Patrick Leahy (D-Vt.) and Orrin Hatch (R-Utah) Tuesday night were
honored by the National Center for Missing and Exploited Children (NCMEC)
for their longstanding commitment to defending children against
abuse.
NCMEC and the
International Centre for Missing and Exploited Children gave the two
lawmakers their Congressional Leadership Award in a ceremony Tuesday
night in the nation’s capital.
Hatch and Leahy – the
Republican and Democratic leaders, respectively, of the Senate
Judiciary Committee, which oversees federal law enforcement programs
and agencies – this year worked together on two landmark pieces of
legislation to help protect children’s welfare: the National AMBER
Alert Network Act, and the Hatch-Leahy Prosecutorial Remedies and
Tools Against the Exploitation of Children Today (PROTECT) Act. Hatch
currently chairs the Judiciary Committee, and Leahy is the panel’s
ranking Democratic member.
The AMBER Alert
Network Act will help states establish AMBER Alert Plans so that the
program can be expanded nationwide. In the past month since the bill
became law, the number of children safely recovered through AMBER
Alerts has jumped from 53 to 69. The Hatch-Leahy PROTECT Act helps
prosecutors target child abuse and virtual child pornography on the
Internet.
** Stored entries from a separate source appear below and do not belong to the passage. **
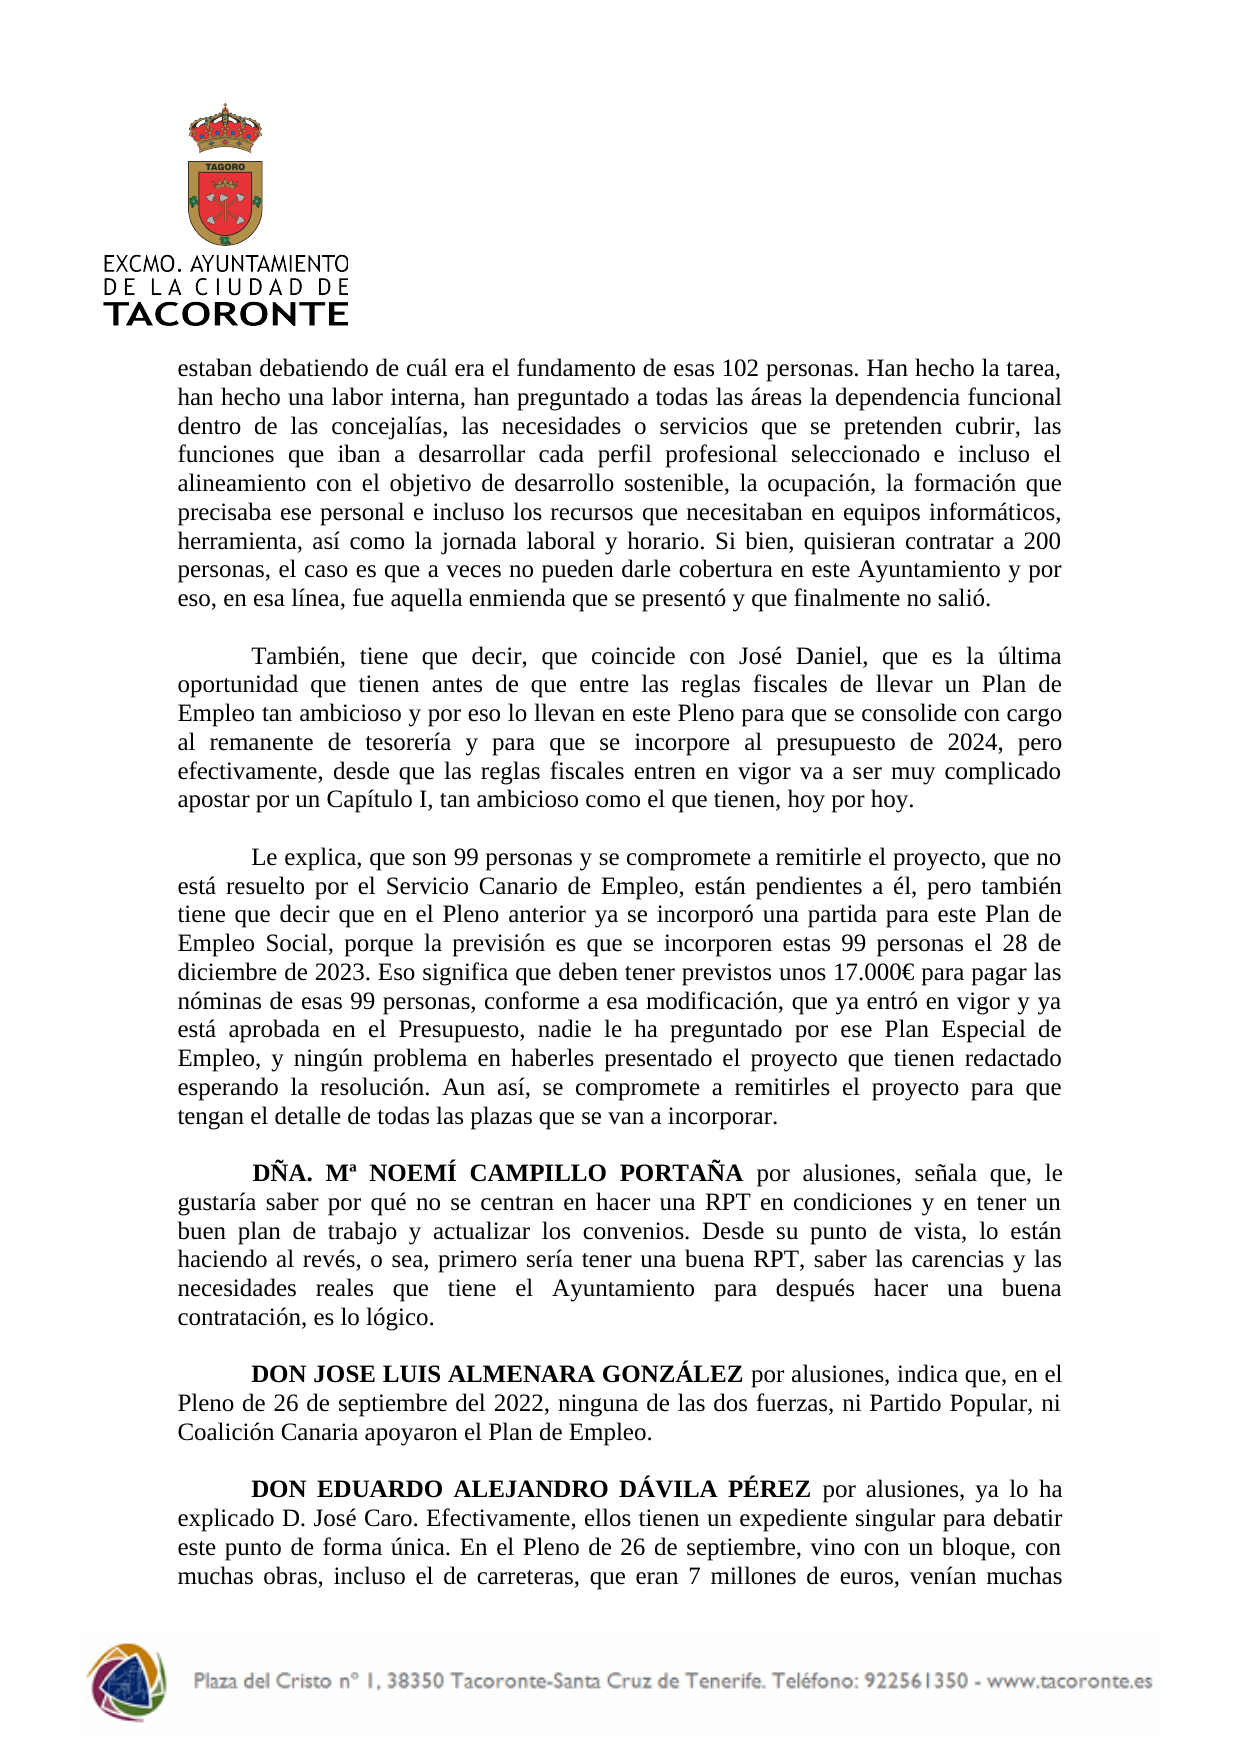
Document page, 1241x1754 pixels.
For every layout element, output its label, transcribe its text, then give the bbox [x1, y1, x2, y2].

text DÑA. Mª NOEMÍ CAMPILLO PORTAÑA por alusiones, señala que, le gustaría saber por qué no se centran en hacer una RPT en condiciones y en tener un buen plan de trabajo y actualizar los convenios. Desde su punto de vista, lo están haciendo al revés, o sea, primero sería tener una buena RPT, saber las carencias y las necesidades reales que tiene el Ayuntamiento para después hacer una buena contratación, es lo lógico. [177, 1158, 1063, 1331]
text Le explica, que son 99 personas y se compromete a remitirle el proyecto, que no está resuelto por el Servicio Canario de Empleo, están pendientes a él, pero también tiene que decir que en el Pleno anterior ya se incorporó una partida para este Plan de Empleo Social, porque la previsión es que se incorporen estas 99 personas el 28 de diciembre de 2023. Eso significa que deben tener previstos unos 17.000€ para pagar las nóminas de esas 99 personas, conforme a esa modificación, que ya entró en vigor y ya está aprobada en el Presupuesto, nadie le ha preguntado por ese Plan Especial de Empleo, y ningún problema en haberles presentado el proyecto que tienen redactado esperando la resolución. Aun así, se compromete a remitirles el proyecto para que tengan el detalle de todas las plazas que se van a incorporar. [177, 842, 1063, 1129]
picture [80, 1630, 1163, 1737]
picture [103, 103, 348, 326]
text estaban debatiendo de cuál era el fundamento de esas 102 personas. Han hecho la tarea, han hecho una labor interna, han preguntado a todas las áreas la dependencia funcional dentro de las concejalías, las necesidades o servicios que se pretenden cubrir, las funciones que iban a desarrollar cada perfil profesional seleccionado e incluso el alineamiento con el objetivo de desarrollo sostenible, la ocupación, la formación que precisaba ese personal e incluso los recursos que necesitaban en equipos informáticos, herramienta, así como la jornada laboral y horario. Si bien, quisieran contratar a 200 personas, el caso es que a veces no pueden darle cobertura en este Ayuntamiento y por eso, en esa línea, fue aquella enmienda que se presentó y que finalmente no salió. [177, 353, 1063, 612]
text También, tiene que decir, que coincide con José Daniel, que es la última oportunidad que tienen antes de que entre las reglas fiscales de llevar un Plan de Empleo tan ambicioso y por eso lo llevan en este Pleno para que se consolide con cargo al remanente de tesorería y para que se incorpore al presupuesto de 2024, pero efectivamente, desde que las reglas fiscales entren en vigor va a ser muy complicado apostar por un Capítulo I, tan ambicioso como el que tienen, hoy por hoy. [177, 641, 1063, 813]
text DON EDUARDO ALEJANDRO DÁVILA PÉREZ por alusiones, ya lo ha explicado D. José Caro. Efectivamente, ellos tienen un expediente singular para debatir este punto de forma única. En el Pleno de 26 de septiembre, vino con un bloque, con muchas obras, incluso el de carreteras, que eran 7 millones de euros, venían muchas [177, 1474, 1063, 1589]
text DON JOSE LUIS ALMENARA GONZÁLEZ por alusiones, indica que, en el Pleno de 26 de septiembre del 2022, ninguna de las dos fuerzas, ni Partido Popular, ni Coalición Canaria apoyaron el Plan de Empleo. [177, 1359, 1063, 1446]

Other provisions of the package authored by Leahy include
key elements of NCMEC’s expanded charter, reauthorizing the Center
through 2005; the Center’s Cyper-Tipline – a program that more easily
allows people to report child sex crimes and exploitation on the
Internet; Leahy’s provisions creating the first federal shield law for
child victims to protect their identities in the courtroom; Leahy’s
initiative to lend NCMEC the Secret Service’s forensic investigative
capabilities; and a new Leahy program to help victims of domestic
violence or abuse find transitional housing.
The PROTECT Act
package was signed into law on April 30, achieving what NCMEC
President and CEO Ernie Allen hails as “the most far- reaching
legislation to date to protect America’s children.”
“These bills will
harness technology to help us find and protect children,” said Leahy.
He praised NCMEC for its “tireless, timely and effective” advocacy for
children.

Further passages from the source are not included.